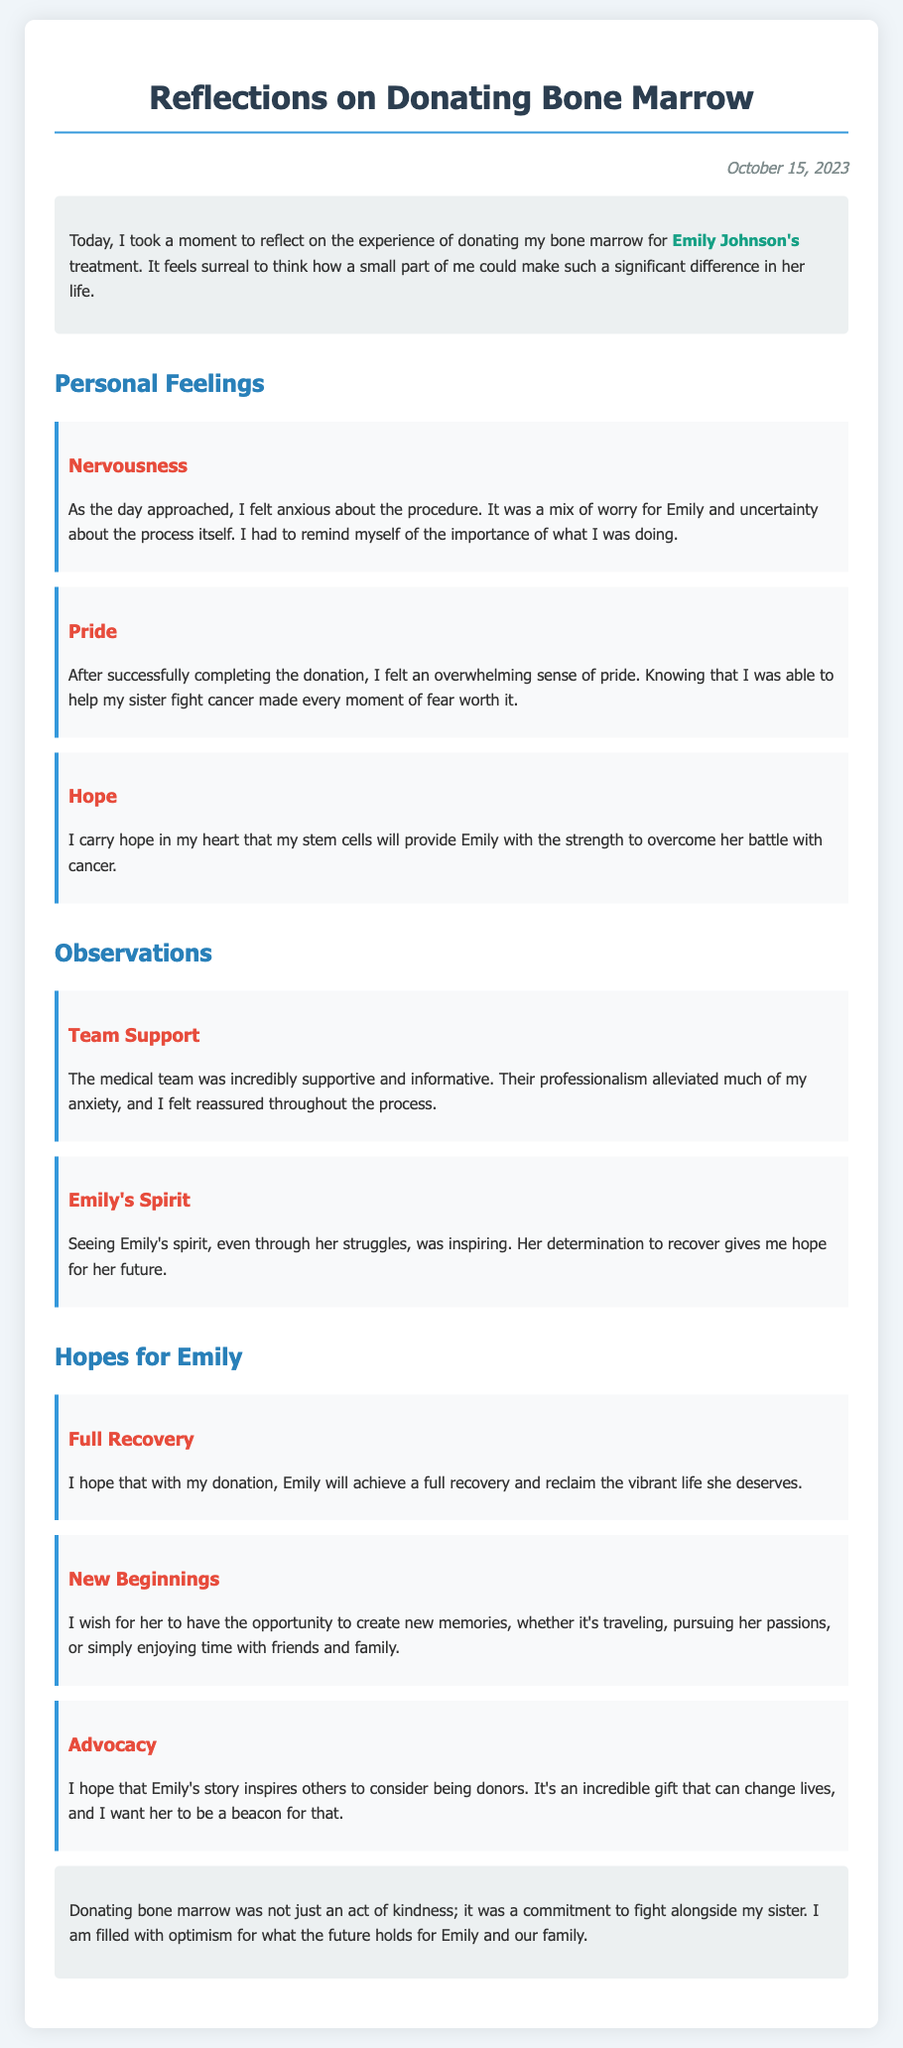What is the recipient's name? The recipient's name is explicitly mentioned in the introduction of the document as Emily Johnson.
Answer: Emily Johnson What date was the journal entry written? The date of the journal entry is stated at the top of the document.
Answer: October 15, 2023 What emotion did the author feel before the donation? The author shares their emotions about the procedure, specifically nervousness before the donation process.
Answer: Nervousness What was the author's feeling after the donation? The author felt a strong emotion related to pride after the successful completion of the donation.
Answer: Pride What does the author hope for Emily's future? The author expresses a hope that Emily will achieve a full recovery and reclaim her vibrant life.
Answer: Full recovery What observation did the author make about the medical team? The author remarks on the support provided by the medical team, highlighting their professionalism.
Answer: Team Support What role does Emily's spirit play in the author's reflections? The author finds inspiration in Emily's spirit, noting it as a source of hope for her future.
Answer: Emily's Spirit What is one of the hopes the author has for Emily regarding her future experiences? The author wishes for Emily to create new memories, including traveling and pursuing passions.
Answer: New memories What type of commitment does the author describe donating bone marrow as? The author describes donating bone marrow not just as an act of kindness but as a commitment to fight alongside Emily.
Answer: Commitment

● Assignment
Pictures are to be left out. Otherwise, copy the material above exactly.

● Output for this task
What is the recipient's name? The recipient's name is explicitly mentioned in the introduction of the document as Emily Johnson.
Answer: Emily Johnson What date was the journal entry written? The date of the journal entry is stated at the top of the document.
Answer: October 15, 2023 What emotion did the author feel before the donation? The author shares their emotions about the procedure, specifically nervousness before the donation process.
Answer: Nervousness What was the author's feeling after the donation? The author felt a strong emotion related to pride after the successful completion of the donation.
Answer: Pride What does the author hope for Emily's future? The author expresses a hope that Emily will achieve a full recovery and reclaim her vibrant life.
Answer: Full recovery What observation did the author make about the medical team? The author remarks on the support provided by the medical team, highlighting their professionalism.
Answer: Team Support What role does Emily's spirit play in the author's reflections? The author finds inspiration in Emily's spirit, noting it as a source of hope for her future.
Answer: Emily's Spirit What is one of the hopes the author has for Emily regarding her future experiences? The author wishes for Emily to create new memories, including traveling and pursuing passions.
Answer: New memories What type of commitment does the author describe donating bone marrow as? The author describes donating bone marrow not just as an act of kindness but as a commitment to fight alongside Emily.
Answer: Commitment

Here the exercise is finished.